Example: An attacker can infer what proportion of data records in the training that belong to a sensitive class, which would not have been possible without access to the model.
General or Public
Low
 

Targeting model architecture/weights

  • For vulnerabilities targeting the model itself, the severity depends on the classification of the model architecture/weights.

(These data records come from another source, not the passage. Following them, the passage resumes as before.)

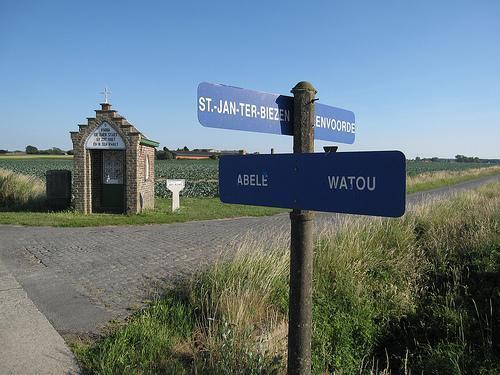How many signs are there?
Give a very brief answer. 2. 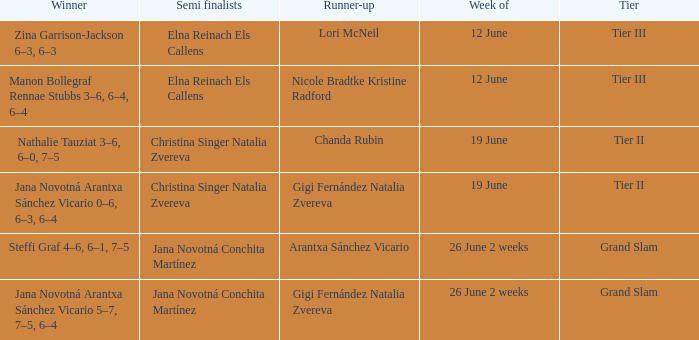In which week is the winner listed as Jana Novotná Arantxa Sánchez Vicario 5–7, 7–5, 6–4? 26 June 2 weeks. 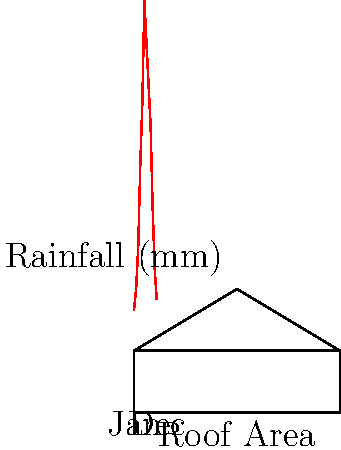A cost-conscious engineering student wants to design a rainwater harvesting system for their home. The roof area is 100 m², and the annual rainfall data is shown in the graph. If the student wants to collect 80% of the total annual rainfall and the water storage tank costs $0.5 per liter, what is the minimum cost for the storage tank? Assume 1 mm of rainfall over 1 m² yields 1 liter of water. To solve this problem, we'll follow these steps:

1. Calculate the total annual rainfall:
   Sum of monthly rainfall = 50 + 60 + 80 + 120 + 150 + 200 + 180 + 160 + 140 + 100 + 70 + 55 = 1365 mm

2. Calculate the total water collected annually:
   $$\text{Total water} = \text{Roof area} \times \text{Annual rainfall}$$
   $$\text{Total water} = 100 \text{ m}^2 \times 1365 \text{ mm} = 136,500 \text{ liters}$$

3. Calculate 80% of the total water collected:
   $$\text{Collected water} = 80\% \times 136,500 \text{ liters} = 109,200 \text{ liters}$$

4. Calculate the cost of the storage tank:
   $$\text{Cost} = \text{Collected water} \times \text{Cost per liter}$$
   $$\text{Cost} = 109,200 \text{ liters} \times \$0.5/\text{liter} = \$54,600$$

Therefore, the minimum cost for the storage tank is $54,600.
Answer: $54,600 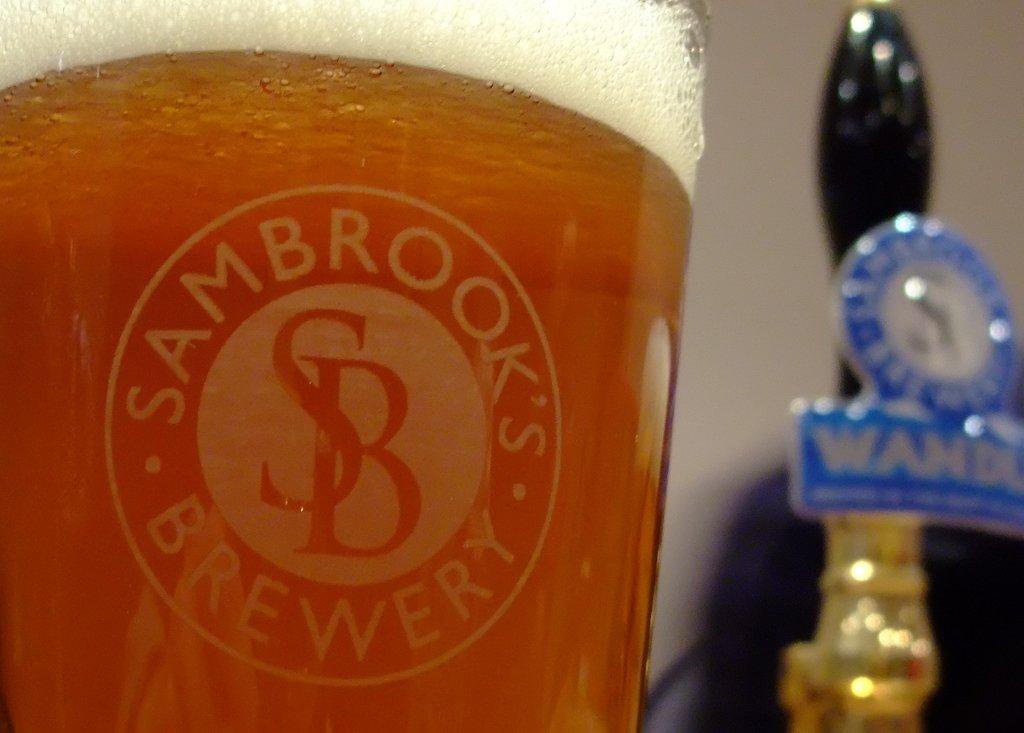What are the first 4 letters on the beer tap?
Give a very brief answer. Wand. 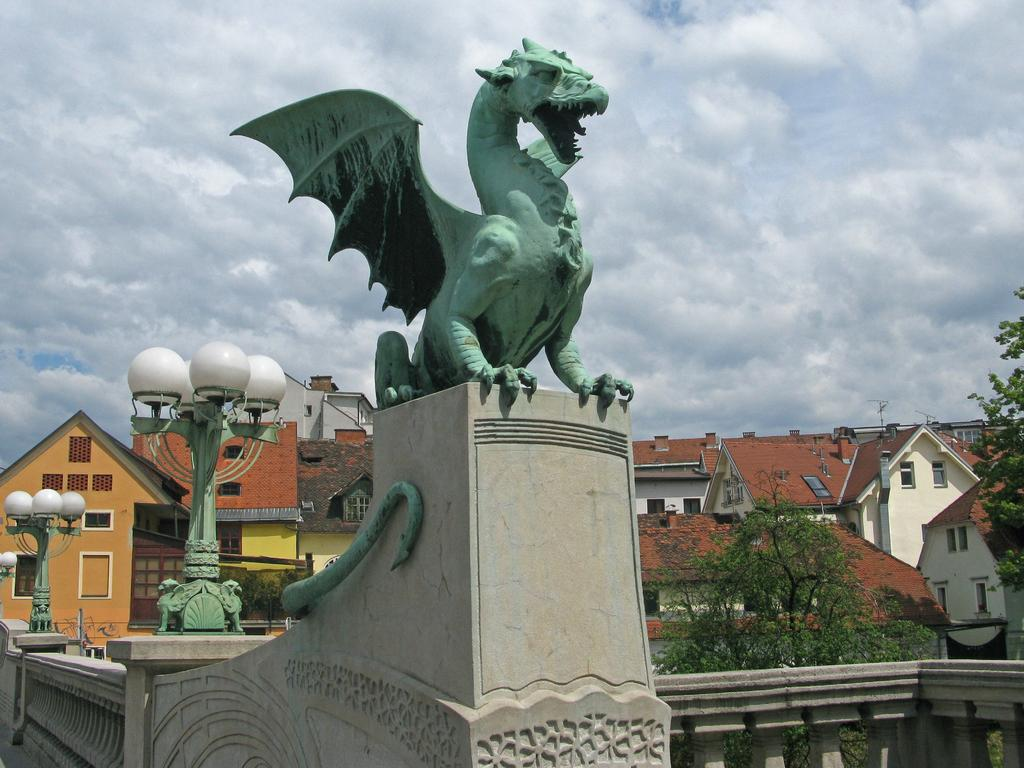What is the main subject in the center of the image? There is a statue in the center of the image. What type of barrier can be seen in the image? There is a fence in the image. What type of buildings are visible in the image? There are houses with roofs and windows in the image. What type of lighting is present in the image? There are street lamps in the image. What type of vegetation is visible in the image? There are trees in the image. What is the condition of the sky in the image? The sky is visible and appears cloudy in the image. Where is the lunchroom located in the image? There is no lunchroom present in the image. How does the wave affect the statue in the image? There is no wave present in the image, so it cannot affect the statue. 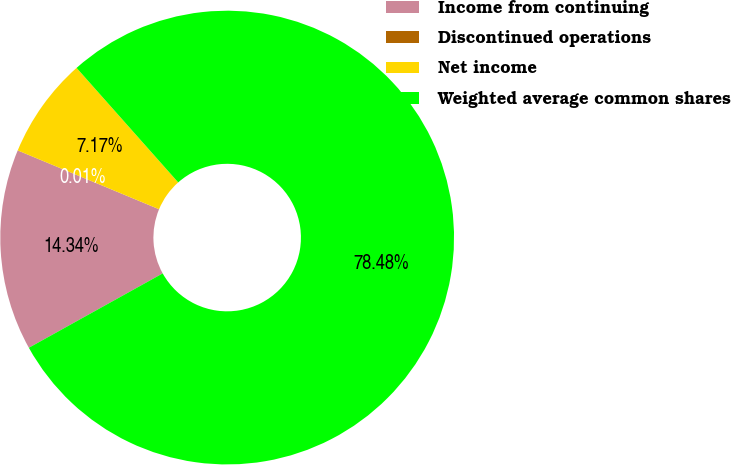Convert chart to OTSL. <chart><loc_0><loc_0><loc_500><loc_500><pie_chart><fcel>Income from continuing<fcel>Discontinued operations<fcel>Net income<fcel>Weighted average common shares<nl><fcel>14.34%<fcel>0.01%<fcel>7.17%<fcel>78.48%<nl></chart>

Vulnerability Description Data classification of model architecture/weights Severity
Model Stealing
The ability to infer/extract the architecture or weights of the trained model.
Highly Confidential or Confidential
Critical
 
Example: An attacker is able to create a functionally equivalent copy of the target model using only inference responses from this model.
General
Important
 
Public
Low

Targeting prompt/inputs

  • For vulnerabilities targeting the inference-time inputs (including the system prompt), the severity depends on the classification of these inputs.
Vulnerability Description Data classification of system prompts/user input Severity
Prompt Extraction
The ability to extract or reconstruct the system prompt provided to the model by interacting with the model.
Any
Not in scope
 
Example: In an instruction-tuned language model, an attacker uses a specially crafted input to cause the model to output (part of) its system prompt.
 
References: Shen et al. 2023
Input Extraction
The ability to extract or reconstruct other users’ inputs to the model.
Highly Confidential or Confidential
Important
 
Example: In an instruction-tuned language model, an attacker uses a specially crafted input that causes the model to reveal (part of) another user’s input to the attacker.
General or Public
Low

Microsoft recognizes that this list may not incorporate all vulnerability types and that new vulnerabilities may be discovered at any time. We reserve the right to classify any vulnerabilities that are not covered by this document at our discretion, and we may modify these classifications at any time. Examples are given for reference only. Any penetration testing against Microsoft systems must follow the Microsoft Penetration Testing Rules of Engagement.